List the lines of this listing that hold the word "picture".

INFORMATION SUPPLIED Block Start

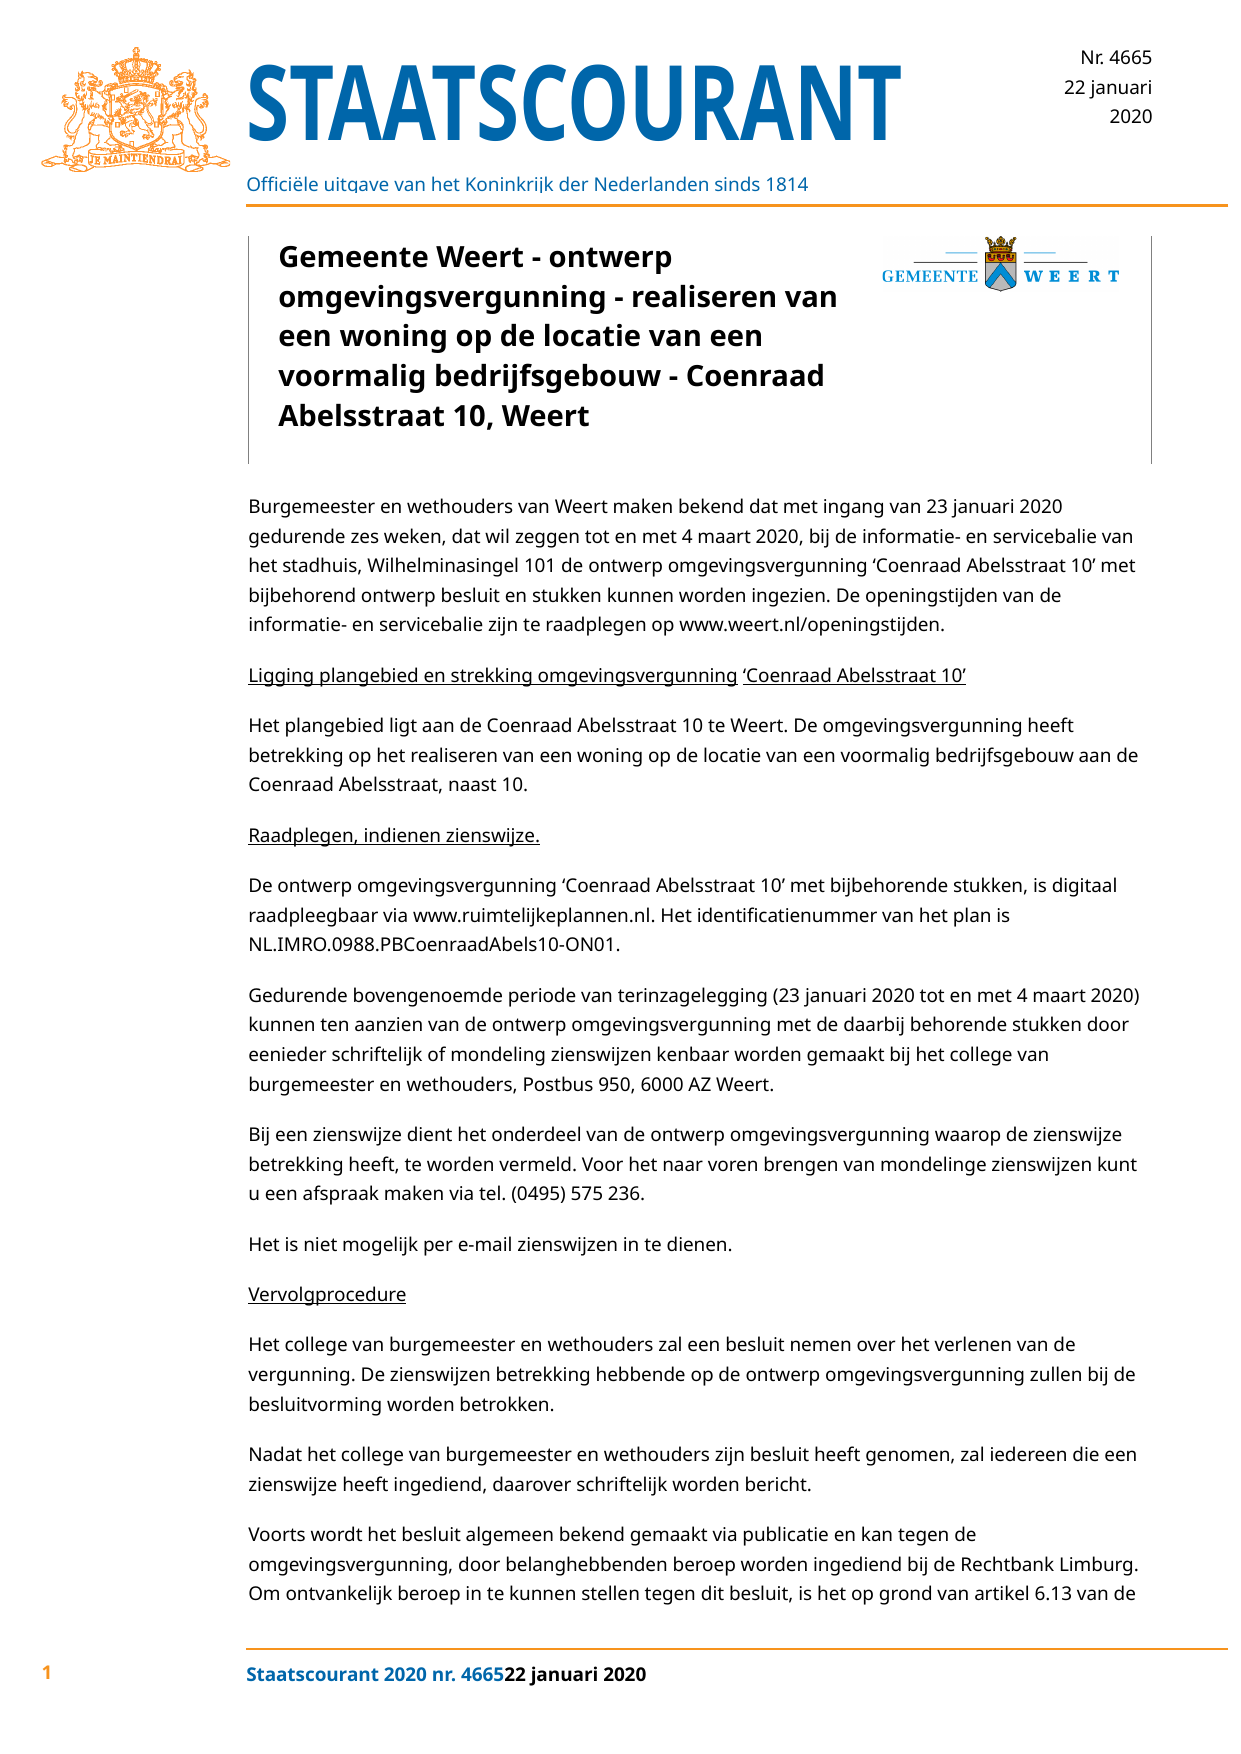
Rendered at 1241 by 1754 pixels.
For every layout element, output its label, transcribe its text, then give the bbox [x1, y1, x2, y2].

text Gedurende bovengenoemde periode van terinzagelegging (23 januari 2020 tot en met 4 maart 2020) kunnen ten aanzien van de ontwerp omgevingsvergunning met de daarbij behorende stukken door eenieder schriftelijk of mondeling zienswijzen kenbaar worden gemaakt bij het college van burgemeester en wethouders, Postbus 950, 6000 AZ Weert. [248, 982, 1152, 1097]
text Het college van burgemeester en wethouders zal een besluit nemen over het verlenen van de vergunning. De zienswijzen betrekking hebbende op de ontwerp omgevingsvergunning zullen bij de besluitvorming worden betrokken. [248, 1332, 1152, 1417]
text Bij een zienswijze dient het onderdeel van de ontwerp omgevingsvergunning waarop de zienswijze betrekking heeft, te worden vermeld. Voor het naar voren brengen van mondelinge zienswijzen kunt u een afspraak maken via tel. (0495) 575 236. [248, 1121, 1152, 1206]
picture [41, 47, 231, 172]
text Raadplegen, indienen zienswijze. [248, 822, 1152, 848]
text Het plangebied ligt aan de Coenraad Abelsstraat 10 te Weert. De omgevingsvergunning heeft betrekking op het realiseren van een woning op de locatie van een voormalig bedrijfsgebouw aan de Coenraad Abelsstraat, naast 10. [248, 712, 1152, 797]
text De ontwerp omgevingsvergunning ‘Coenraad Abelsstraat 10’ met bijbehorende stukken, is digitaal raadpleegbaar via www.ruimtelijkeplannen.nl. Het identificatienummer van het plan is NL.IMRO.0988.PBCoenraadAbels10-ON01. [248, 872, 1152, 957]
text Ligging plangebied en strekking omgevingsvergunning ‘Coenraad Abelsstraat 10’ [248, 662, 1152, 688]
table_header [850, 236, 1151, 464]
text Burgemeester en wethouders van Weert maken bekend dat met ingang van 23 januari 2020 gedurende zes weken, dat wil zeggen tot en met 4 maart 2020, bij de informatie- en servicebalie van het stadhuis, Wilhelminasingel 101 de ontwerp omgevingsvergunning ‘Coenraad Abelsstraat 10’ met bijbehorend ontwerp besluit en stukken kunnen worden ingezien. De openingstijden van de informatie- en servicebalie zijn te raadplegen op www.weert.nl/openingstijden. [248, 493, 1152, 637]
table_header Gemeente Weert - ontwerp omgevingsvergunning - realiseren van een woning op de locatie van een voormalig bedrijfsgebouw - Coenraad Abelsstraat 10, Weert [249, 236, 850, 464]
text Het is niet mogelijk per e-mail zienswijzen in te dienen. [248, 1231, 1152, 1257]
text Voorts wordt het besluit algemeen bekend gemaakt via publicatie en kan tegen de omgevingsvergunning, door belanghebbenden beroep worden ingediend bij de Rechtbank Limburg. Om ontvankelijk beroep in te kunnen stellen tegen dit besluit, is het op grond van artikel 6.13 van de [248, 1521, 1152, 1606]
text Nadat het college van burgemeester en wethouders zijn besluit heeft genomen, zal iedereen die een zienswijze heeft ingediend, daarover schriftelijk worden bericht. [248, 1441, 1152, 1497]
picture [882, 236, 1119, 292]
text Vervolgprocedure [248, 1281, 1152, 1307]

INFORMATION SUPPLIED Block End

**OUTPUT OF THE TASK**:
picture [41, 47, 231, 172]
picture [882, 236, 1119, 292]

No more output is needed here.